Lists are a type of python *object*, which means they have their own set of functions that can be accessed by `list.function_name`. These operations sometimes change the values within a list.

| Function | Task performed |
|----|---|
| list.append(v)  | add value v to end of list |
| list.index(v) | return the first index of value v in list |
| list.insert(i, v) | insert value v in list at index i |
| list.remove(v) | remove value v in list |
| list.count(v) | count how many times v appears in list |

`append` is used to add a single element to the end of a list.

In [31]:
l = [1, 1, 4, 8, 7]
print l
l.append(1)
print l

[1, 1, 4, 8, 7]
[1, 1, 4, 8, 7, 1]


`index` returns the location of the specified value. If it appears multiple times, it only returns the first index. If it doesnt exist, python returns an error.

In [32]:
print l.index(1)
print l.index(4)
#print l.index(100) # this will return an error

0
2


`insert` and `remove` are pretty straightforward.

In [33]:
print l

l.remove(4) # removes value 4
print l

l.insert(3, 1000) # adds value 1000 at index 5
print l

[1, 1, 4, 8, 7, 1]
[1, 1, 8, 7, 1]
[1, 1, 8, 1000, 7, 1]


In [34]:
print l.count(1)

3


# Sets

_Sets_ are another type of collection available in Python. Like mathematical sets, they are unordered and can only contain an element at most once.

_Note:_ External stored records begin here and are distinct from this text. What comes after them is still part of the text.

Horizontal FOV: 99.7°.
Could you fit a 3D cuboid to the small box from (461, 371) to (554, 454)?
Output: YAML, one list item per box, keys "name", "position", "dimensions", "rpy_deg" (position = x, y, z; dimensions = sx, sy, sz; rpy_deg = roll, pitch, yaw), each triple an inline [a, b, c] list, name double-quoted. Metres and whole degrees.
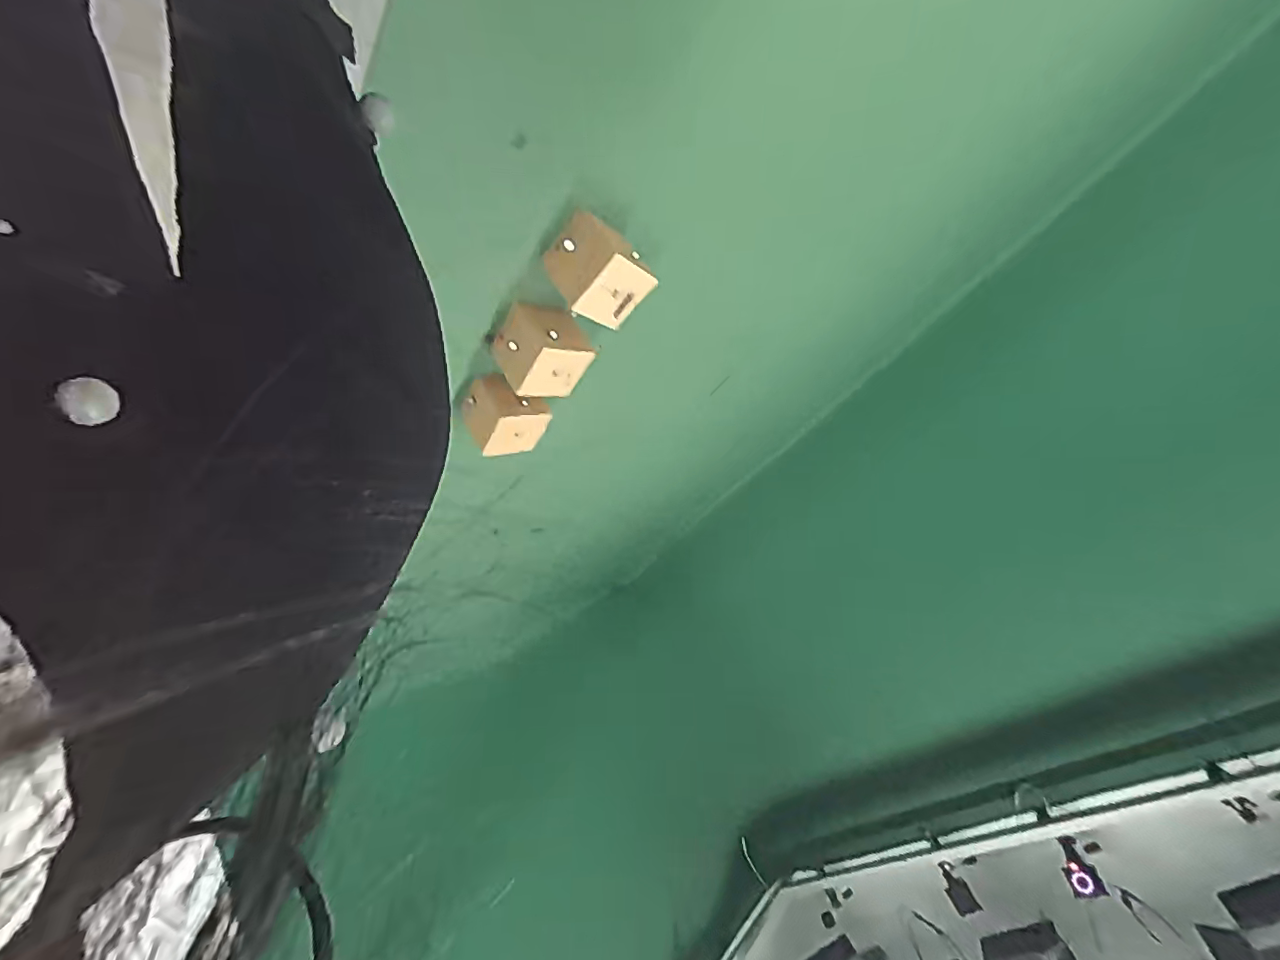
- name: "small box"
  position: [-0.386, -0.200, 1.564]
  dimensions: [0.179, 0.176, 0.168]
  rpy_deg: [-13, 152, -45]

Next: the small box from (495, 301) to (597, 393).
- name: "small box"
  position: [-0.252, -0.345, 1.415]
  dimensions: [0.179, 0.176, 0.168]
  rpy_deg: [-11, 152, -48]

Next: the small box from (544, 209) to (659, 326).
- name: "small box"
  position: [-0.093, -0.503, 1.285]
  dimensions: [0.168, 0.176, 0.179]
  rpy_deg: [-42, 158, 24]

We initialize sets using lists.

In [41]:
s = set([1,2,2,3,3,4])
print s

set([1, 2, 3, 4])


In [45]:
len(s)

4

Unlike with lists, we can't index sets.

In [46]:
#s[0]  # This causes an error

# List Comprehensions

_List comprehensions_ are a way of constructing lists. They're a pretty unique feature of Python.

In [71]:
origlist = range(10) # enumerates numbers up to 10
print origlist

[0, 1, 2, 3, 4, 5, 6, 7, 8, 9]


List comprehensions are created using brackets and the 'for' keyword, like this.

In [80]:
print [number/2.0 for number in origlist]
print [number**2 for number in origlist]

[0.0, 0.5, 1.0, 1.5, 2.0, 2.5, 3.0, 3.5, 4.0, 4.5]
[0, 1, 4, 9, 16, 25, 36, 49, 64, 81]


List comprehensions can also contain an 'if' keyword to filter out some values.

In [81]:
print [number for number in origlist if number < 4]

[0, 1, 2, 3]


***********************************************************************************
***********************************************************************************

# Exercise: Hamlet Frequency

In this exercise, we'll use lists to analyze _Hamlet_.

### Before you start

Make sure you have `hamlet.txt` in the same directory where you're running this notebook. You can download this file from https://raw.githubusercontent.com/thejakeyboy/Python-Lectures/master/data/hamlet.txt


### Here's some help getting started

This cell loads the words in _Hamlet_ into a big list. You don't need to know how it works for now.

In [62]:
import os, re
hamlet = 'hamlet.txt'
words = re.findall(r'\w+', open(hamlet).read().lower())

In [63]:
print words[0:10]
print len(words)

['hamlet', 'dramatis', 'personae', 'claudius', 'king', 'of', 'denmark', 'king', 'claudius', 'hamlet']
27577


## 1. How many unique words did Shakespeare use?

In [64]:
print len(set(words))

4086


## 2. What is the average word length?

In [79]:
print sum([len(word) for word in words])/float(len(words))

4.13090618994


## 3. How many times did Shakespeare write the word 'hamlet'?

In [102]:
print words.count('hamlet')

368


## 4. What are the 10 most common words used in Hamlet?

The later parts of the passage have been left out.